Abstract
Atrioventricular blocks (AVBs) presenting in cardiac sarcoidosis (CS) remain an ongoing challenge for clinicians. While most initiate immunosuppressive therapy with the goal of pursuing device implantation, there is some ambiguity as to which patient cohorts actually benefit from device therapy. We present a case of a 39-year-old African American male with a past medical history of hypertension and no prior cardiac history who presented with substernal chest pain in the setting of a hypertensive emergency. He was later diagnosed with cardiac sarcoidosis by cardiac magnetic resonance imaging. His hospital course was complicated by transient Mobitz II atrioventricular block. He was started on prednisone, and while initially scheduled for an implantable cardioverter-defibrillator (ICD), his conduction block recovered. Through a multidisciplinary approach, the patient was discharged on medical management with outpatient follow-up. Since his initial hospitalization, the patient has not had any concerning cardiovascular events over the past year and has not been treated with device therapy. Our case illustrates the feasibility of effectively managing patients with cardiac sarcoidosis presenting with transient atrioventricular blocks only with corticosteroid therapy without needing device implantation.

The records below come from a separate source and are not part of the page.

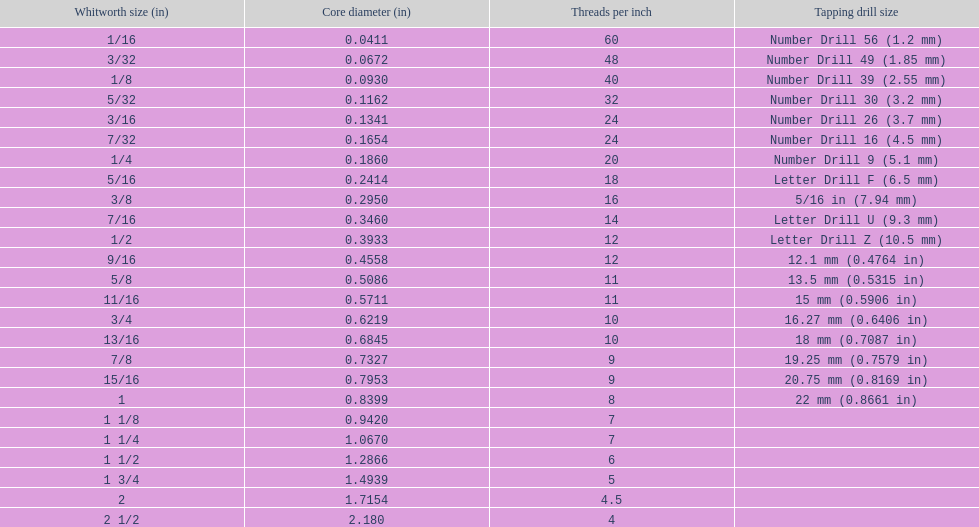What is the next whitworth size (in) below 1/8? 5/32. 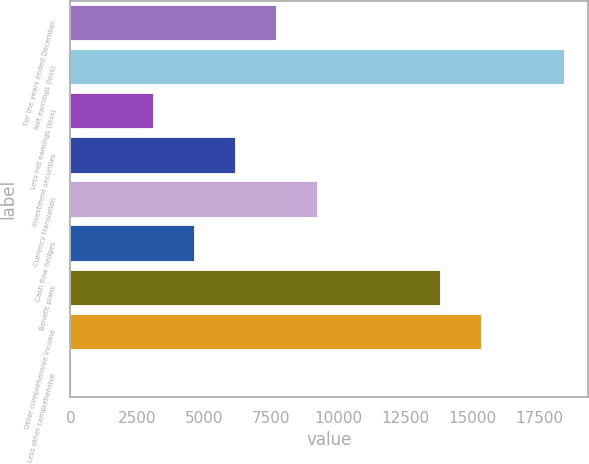Convert chart to OTSL. <chart><loc_0><loc_0><loc_500><loc_500><bar_chart><fcel>For the years ended December<fcel>Net earnings (loss)<fcel>Less net earnings (loss)<fcel>Investment securities<fcel>Currency translation<fcel>Cash flow hedges<fcel>Benefit plans<fcel>Other comprehensive income<fcel>Less other comprehensive<nl><fcel>7679<fcel>18411.4<fcel>3079.4<fcel>6145.8<fcel>9212.2<fcel>4612.6<fcel>13811.8<fcel>15345<fcel>13<nl></chart> 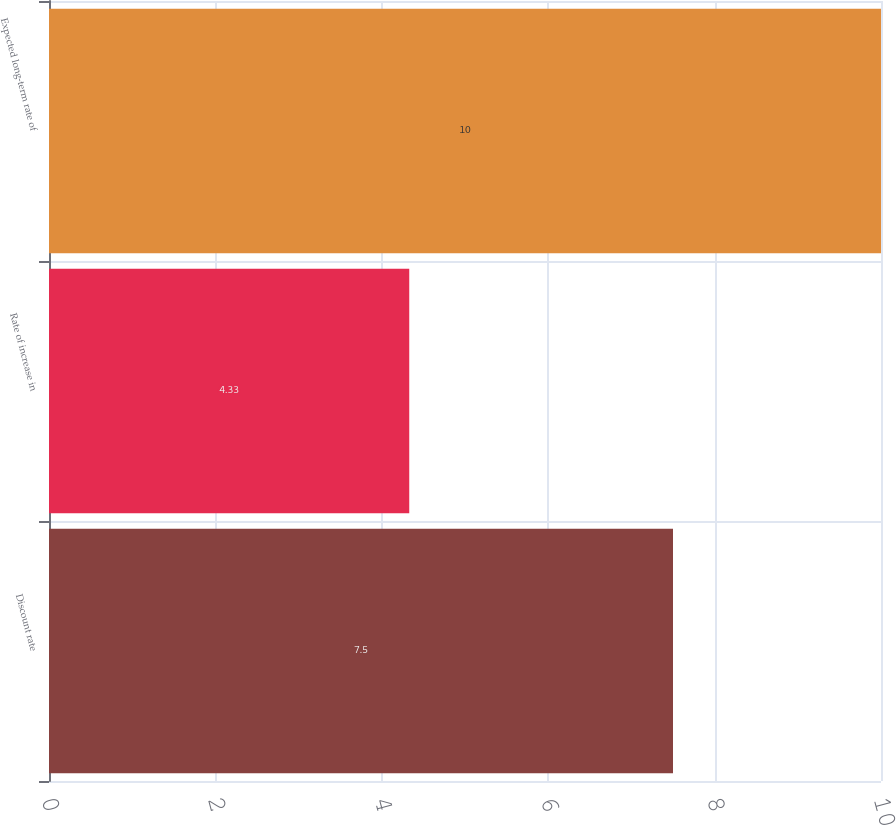<chart> <loc_0><loc_0><loc_500><loc_500><bar_chart><fcel>Discount rate<fcel>Rate of increase in<fcel>Expected long-term rate of<nl><fcel>7.5<fcel>4.33<fcel>10<nl></chart>

Keywords: case report, implantable cardioverter-defibrillator, pacemaker, device implantation, corticosteroid therapy, high-grade atrioventricular block, cardiac sarcoidosis
Introduction
Sarcoidosis is a chronic condition with an unknown cause that is marked by non-necrotizing granulomatous inflammation affecting multiple organs and systems, including the heart [1]. Estimated to account for 5% of patients with systemic sarcoidosis, cardiac sarcoidosis (CS) is a rare but serious condition in which inflammation and granulomas develop in the heart tissue [2]. Initially thought to be fairly uncommon, the prevalence of CS has likely been underestimated with recent data indicating that over 25% of sarcoid patients may demonstrate evidence of cardiac involvement based on autopsy or imaging studies [2]. The presence of granulomas can interfere with the normal electrical signals that control heartbeats, leading to the sequela of conduction abnormalities, ventricular arrhythmias, supraventricular tachyarrhythmias, cardiomyopathy, and sudden cardiac death (SCD) [1,2]. As it relates to conduction abnormalities, atrioventricular block (AVB) requiring a permanent pacemaker (PPM) or implantable cardioverter-defibrillator (ICD) is the most common initial manifestation of CS [3].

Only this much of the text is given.